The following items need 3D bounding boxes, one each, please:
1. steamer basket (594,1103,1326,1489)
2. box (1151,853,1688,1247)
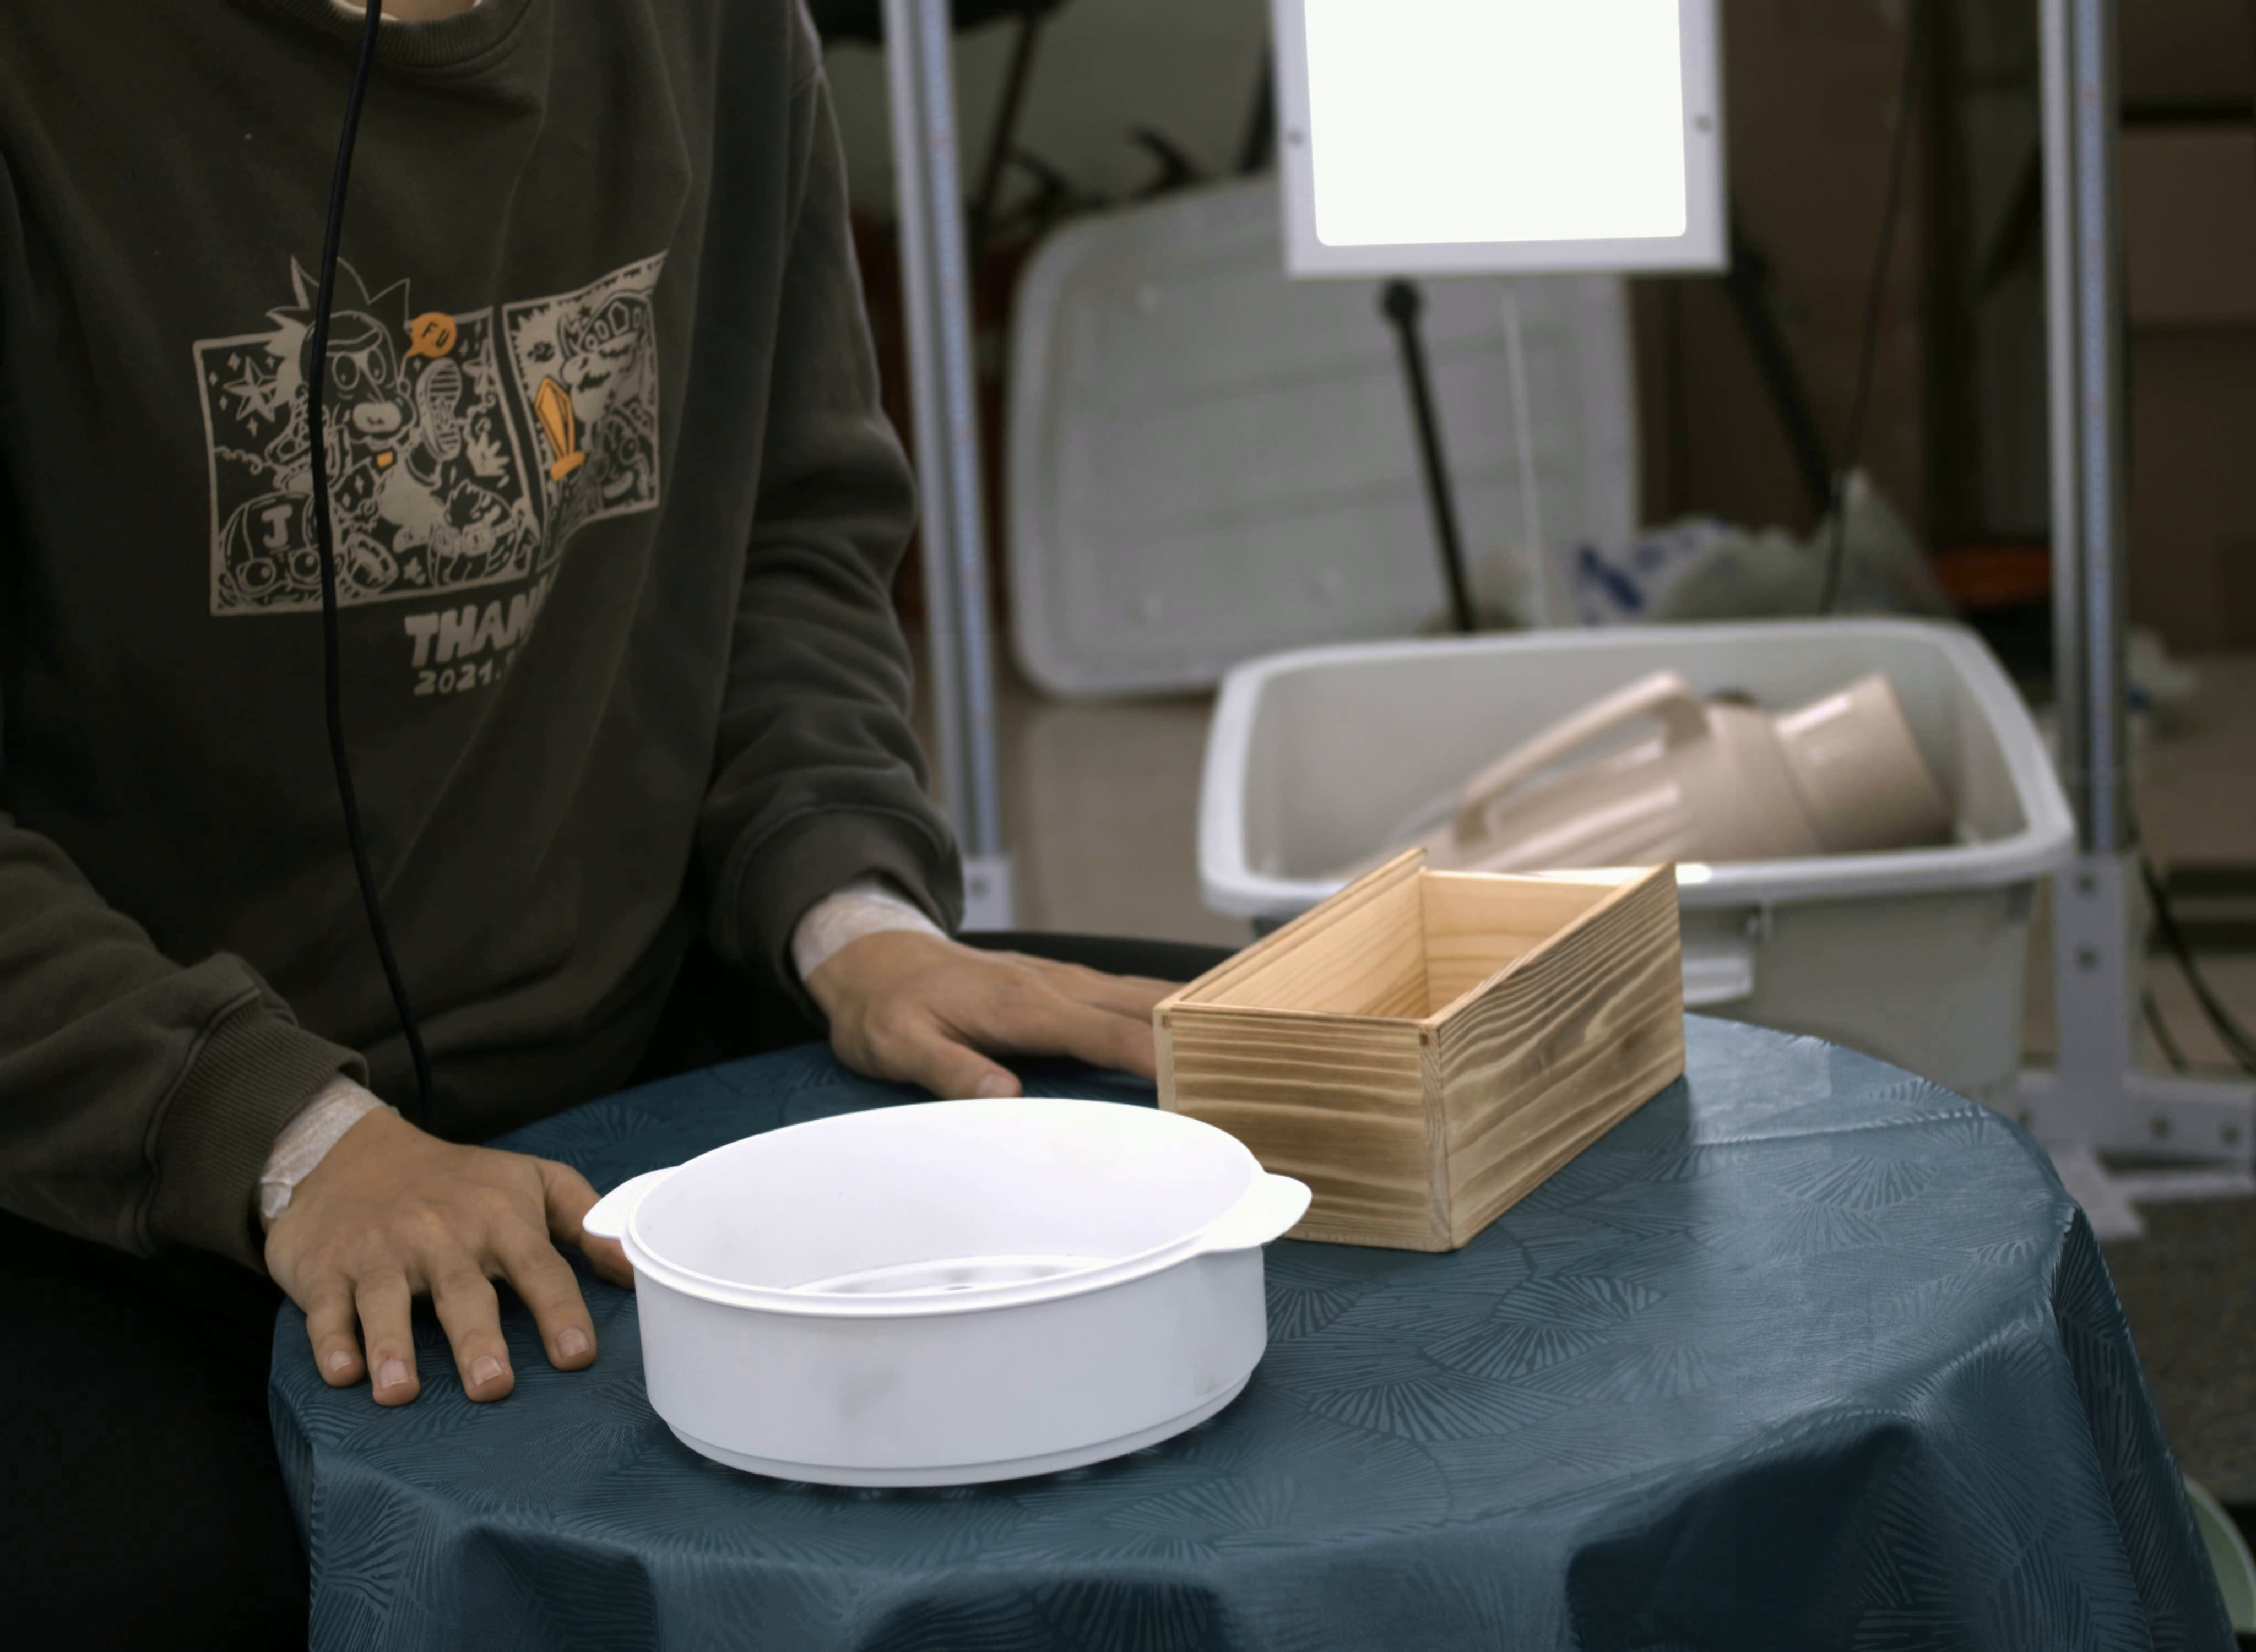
[{"bbox_3d":[-0.050,0.144,1.702,0.233,0.069,0.198,-2,13,19],"label":"steamer basket"},{"bbox_3d":[0.105,0.074,1.903,0.109,0.080,0.207,2,15,28],"label":"box"}]

===

**What this task involves**
Only the pictures are dropped. Otherwise, write out the listing exactly.

**Exercise output**
The following items need 3D bounding boxes, one each, please:
1. steamer basket (594,1103,1326,1489)
2. box (1151,853,1688,1247)
[{"bbox_3d":[-0.050,0.144,1.702,0.233,0.069,0.198,-2,13,19],"label":"steamer basket"},{"bbox_3d":[0.105,0.074,1.903,0.109,0.080,0.207,2,15,28],"label":"box"}]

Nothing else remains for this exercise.